Não foi fácil a tarefa de avaliar criticamente os textos de três pesquisadores tão eminentes na especialidade de sono na infância como Thomas F. Anders, Evelyn B. Thoman e Diane Holditch-Davis, principalmente porque seus textos resumem o “estado da arte” no estudo do desenvolvimento de estados de sono-vigília do período fetal aos primeiros anos de vida, das relações entre estados de sono-vigília, o ambiente e o desenvolvimento psicossocial, emocional e cognitivo das crianças, e das relações entre o desenvolvimento dos estados de sono-vigília e os distúrbios do sono.

Pesquisas e conclusões

Os estudos sobre bebês prematuros revistos por Diane Holditch-Davis mostram que a organização dos estados de sono-vigília já é altamente dependente do ambiente: da alternância de luz e escuro, dos níveis de ruído, da relação mãe-filho, da dor etc. Ela aponta que os estados de sono-vigília são a única maneira pela qual o bebê prematuro comunica aos outros suas necessidades e seu nível de bem estar. Ela nota também que uma relação pais-bebê muito próxima, especialmente no caso da mãe, é um organizador significativo do ritmo de sono-vigília e da própria estrutura do sono. Os estudos citados por ela evidenciam como é importante evitar perturbar o sono de um bebê prematuro; um dos estudos efetivamente observa que algumas mães, sem dúvida muito concentradas em seus bebês recém-nascidos, tendem a ajustar sua interação com a criança em função dos estados de sono-vigília da criança.  Por outro lado, tenho mais reservas a respeito de estudos que enfatizam as relações entre padrões de sono-vigília em prematuros ou mesmo em bebês a termo e seu desenvolvimento neurológico em longo prazo, e penso que os resultados de alguns estudos precisam ser colocados em perspectiva, como faz Diana Holditch-Davis ao reconhecer que têm pouca  relevância  clínica  e  que  apenas  estudos longitudinais podem identificar fatores de risco confiáveis. Penso também que é muito importante evitar a confusão entre anormalidades do EEG que, em bebês prematuros e a termo, são frequentemente expressões de danos neurológicos e, portanto, preditores importantes do desenvolvimento motor, mental e/ou sensorial e, por outro lado, anormalidades nos padrões de sono-vigília que em geral inicialmente são funcionais, relacionados a causas metabólicas (muitas vezes temporárias) ou ambientais. 

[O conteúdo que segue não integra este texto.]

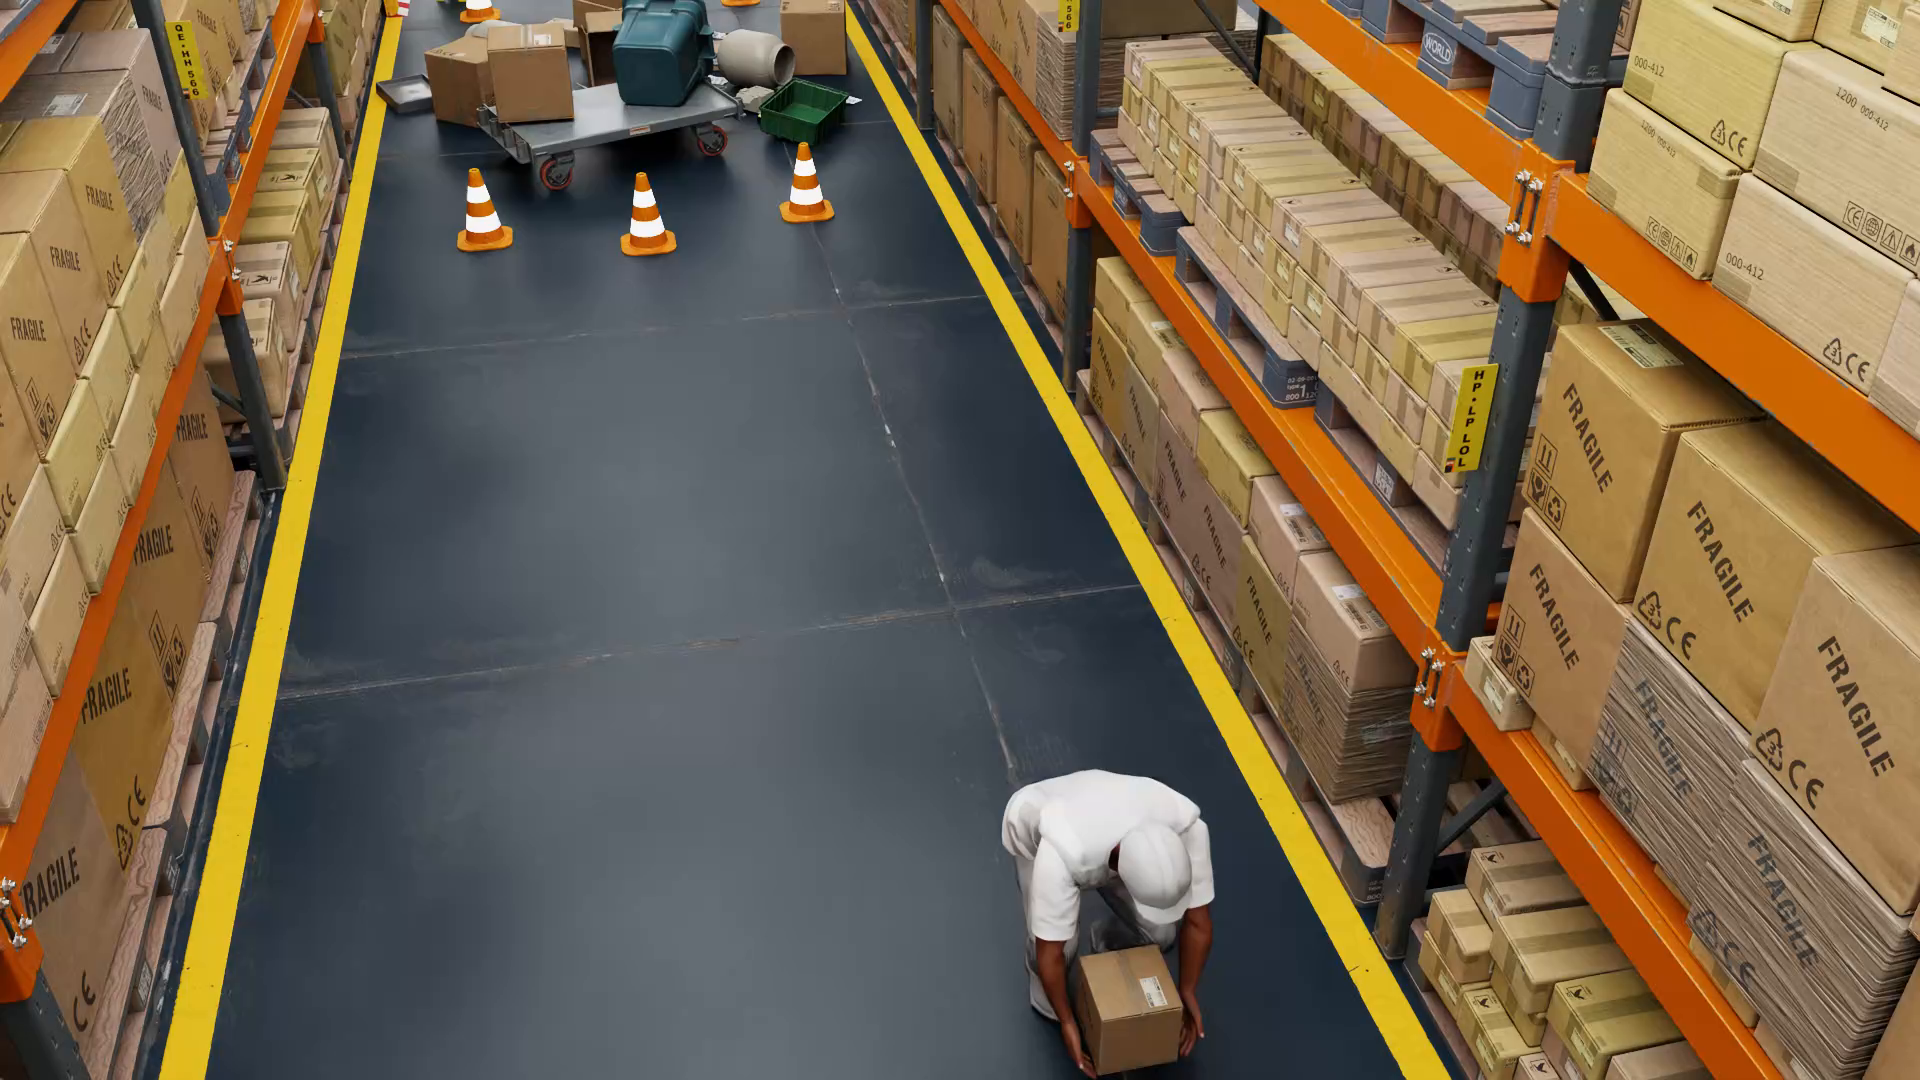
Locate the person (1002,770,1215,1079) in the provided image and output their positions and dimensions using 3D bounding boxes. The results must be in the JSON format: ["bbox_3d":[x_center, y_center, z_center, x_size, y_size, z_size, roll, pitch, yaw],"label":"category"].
[{"bbox_3d":[0.461,1.085,5.195,0.585,1.018,0.882,-7,35,-11],"label":"person"}]
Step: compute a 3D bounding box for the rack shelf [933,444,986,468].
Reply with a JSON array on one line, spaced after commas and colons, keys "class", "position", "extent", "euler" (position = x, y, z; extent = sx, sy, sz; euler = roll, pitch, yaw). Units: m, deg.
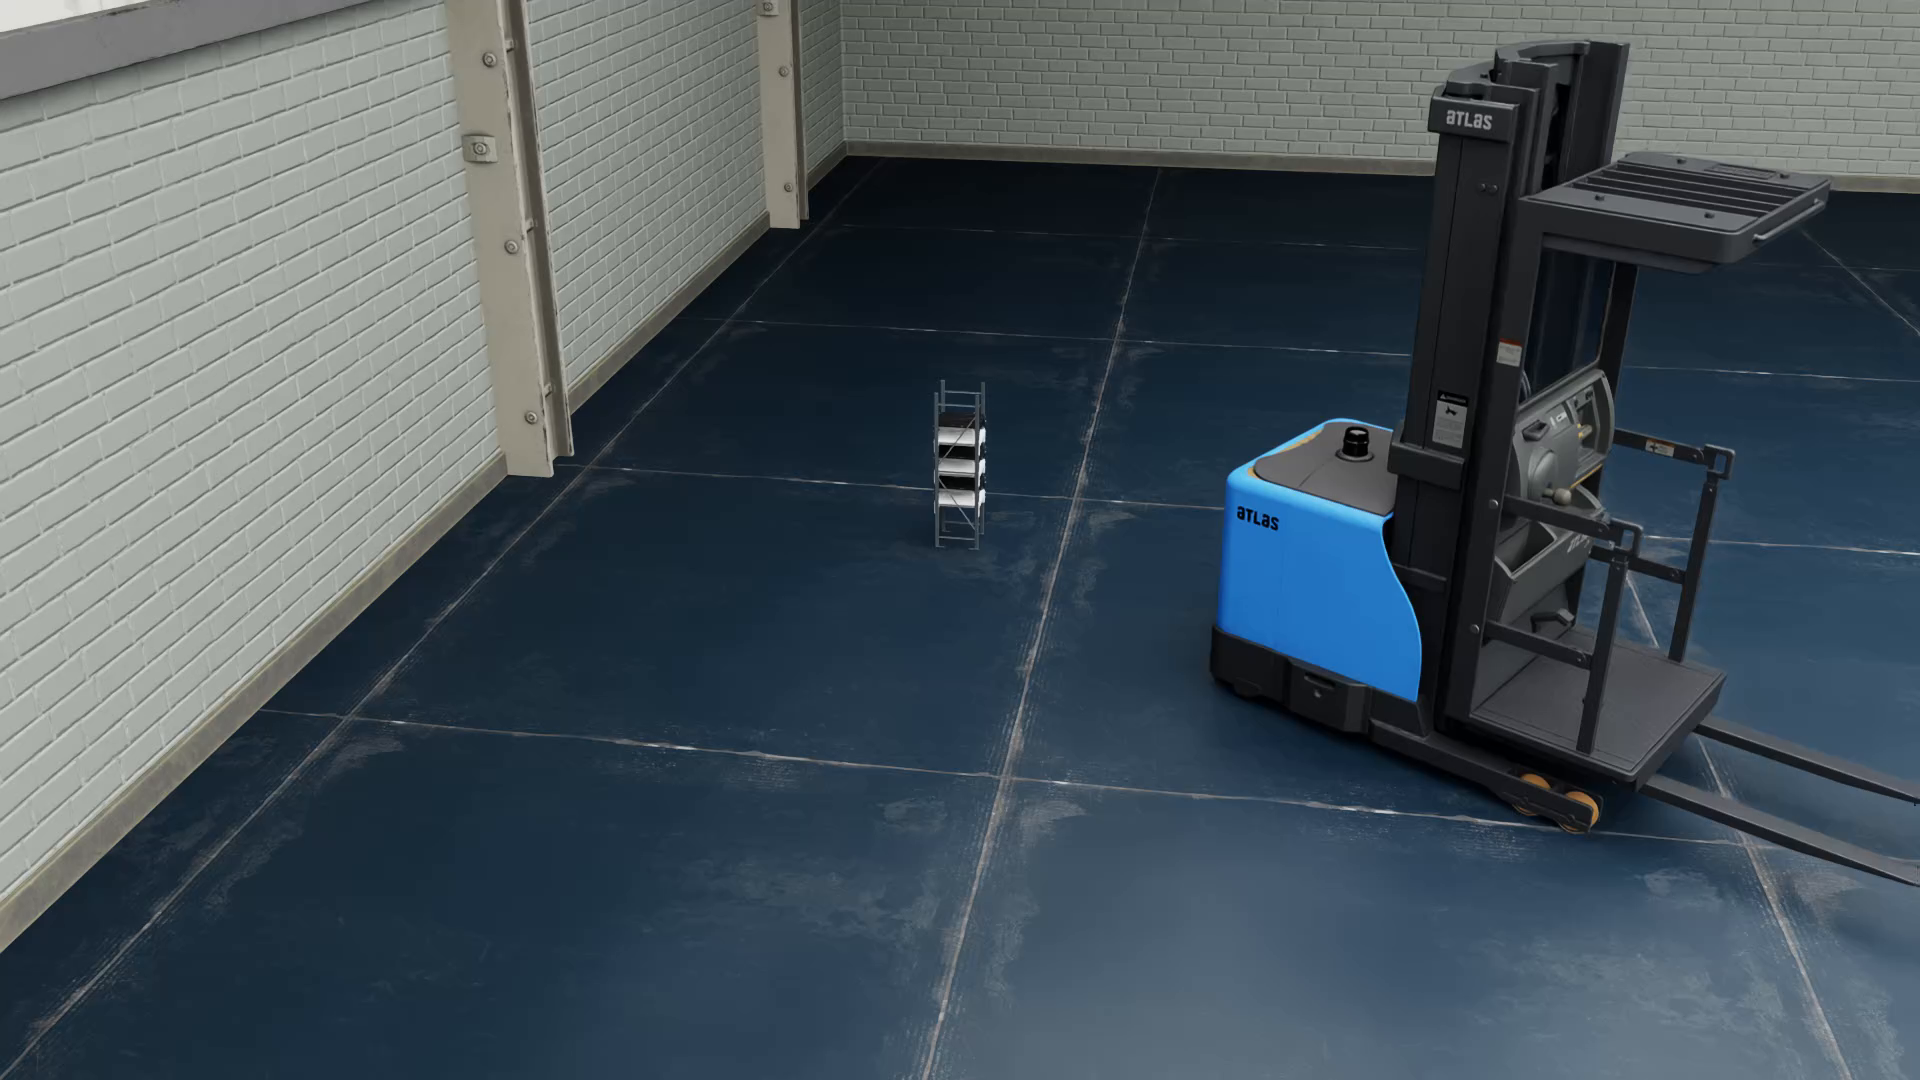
[{"class": "rack shelf", "position": [-0.001, -0.455, 9.028], "extent": [0.258, 0.077, 0.200], "euler": [4, 25, 9]}]

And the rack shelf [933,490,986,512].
[{"class": "rack shelf", "position": [-0.001, -0.211, 9.142], "extent": [0.258, 0.077, 0.200], "euler": [4, 25, 9]}]

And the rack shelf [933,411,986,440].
[{"class": "rack shelf", "position": [-0.001, -0.619, 8.952], "extent": [0.258, 0.077, 0.200], "euler": [4, 25, 9]}]

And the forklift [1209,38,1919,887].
[{"class": "forklift", "position": [2.608, -0.393, 6.633], "extent": [3.031, 2.935, 1.130], "euler": [20, 32, 37]}]

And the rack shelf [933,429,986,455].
[{"class": "rack shelf", "position": [-0.001, -0.537, 8.990], "extent": [0.258, 0.077, 0.200], "euler": [4, 25, 9]}]

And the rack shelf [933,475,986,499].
[{"class": "rack shelf", "position": [-0.001, -0.292, 9.104], "extent": [0.258, 0.077, 0.200], "euler": [4, 25, 9]}]

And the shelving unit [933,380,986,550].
[{"class": "shelving unit", "position": [-0.001, -0.404, 9.052], "extent": [0.258, 0.900, 0.210], "euler": [4, 25, 9]}]

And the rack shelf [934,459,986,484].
[{"class": "rack shelf", "position": [-0.001, -0.374, 9.066], "extent": [0.258, 0.077, 0.200], "euler": [4, 25, 9]}]

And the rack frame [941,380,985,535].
[{"class": "rack frame", "position": [0.015, -0.447, 9.143], "extent": [0.240, 0.900, 0.006], "euler": [4, 25, 9]}]

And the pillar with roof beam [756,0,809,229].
[{"class": "pillar with roof beam", "position": [2.631, -6.759, 13.075], "extent": [9.100, 9.000, 0.400], "euler": [4, 25, 9]}]

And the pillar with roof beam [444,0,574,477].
[{"class": "pillar with roof beam", "position": [1.650, -4.250, 7.714], "extent": [9.100, 9.000, 0.400], "euler": [4, 25, 9]}]

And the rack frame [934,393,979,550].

Evelyn B. Thoman e Thomas F. Anders descrevem a fenomenologia de vários estados de sono-vigília e seus estágios de desenvolvimento: a individualização dos diferentes estágios do sono NREM, a ontogênese do ritmo de sono-vigília. Enfatizam corretamente as relações complexas entre determinantes biológicos da maturação dos estados de sono-vigília, dos distúrbios de sono e do comportamento cognitivo da criança durante o dia, as correlações estreitas entre o sono deficiente na infância, o estresse parental e as relações pais-filhos, e o fato de que eventos sociais e emocionais no decorrer do dia podem ser organizadores ou desorganizadores dos padrões do sono noturno.

Thomas F. Anders levanta diversas questões centrais que ainda estão por ser respondidas:

  • Qual é o papel de fatores biológicos no desenvolvimento pós-natal dos ritmos de sono-vigília?
  • Qual é o impacto de fatores psicossociais no desenvolvimento dos ritmos de sono-vigília?
  • Os distúrbios do sono em crianças pequenas relacionam-se com interações entre fatores biológicos e psicossociais?

Evelyn B. Thoman formula exatamente as mesmas questões: crianças pequenas acordam frequentemente porque seus cérebros são imaturos, devido a problemas relacionais ou por causa de uma fragmentação anormal do sono que requer investigação médica?

Embora tenha me impressionado o montante de dados apresentados nos três textos, até certo ponto me desapontei com a ênfase limitada que os autores deram ao desenvolvimento dos ritmos circadianos, ao estabelecimento de ritmos dia-noite que não dependem apenas de maturação cerebral, mas também  de inúmeros fatores ambientais, e mais particularmente da relação pais-filho (se oferece ou não pistas temporais).

O componente circadiano está presente a partir do período neonatal e até mesmo do pré-natal, mas é mascarado por um ritmo ultradianodominante.1-5 Diversos estudos6-9  que examinaram o desenvolvimento do ritmo sono-vigília nos primeiros meses de vida (frequentemente de uma única criança, em geral primogênita e alimentada ad libitumb) mostraram que é apenas aos três ou quatro meses de idade que os ritmos de sono-vigília evoluem de um ritmo ultradiano de três a quatro horas nas primeiras semanas de vida para um ritmo mais estabilizado de 24 horas por volta dos três ou quatro meses. Estudos mais recentes com amostras maiores1,10-13 indicam que um ritmo circadiano estável de 24 horas aparece muito mais cedo, cerca de 45 semanas depois da concepção, sem diferenças entre bebês prematuros e a termo.11 Isto significa que não demora muito para que períodos mais longos de sono e vigília ocorram em momentos regulares, os de vigília durante o dia e os de sono à noite. Todos os ritmos biológicos circadianos (batimentos cardíacos, temperatura, cortisol, melatonina etc) aparecem nos primeiros meses de vida.10,14-22 Todos esses estudos indicam uma variabilidade interindividual considerável na taxa de estabelecimento de um ritmo sono-vigília estável a cada 24 horas, e enfatizam a importância de pistas temporais, fatores ambientais que regulam todos esses ritmos, inclusive os biológicos. 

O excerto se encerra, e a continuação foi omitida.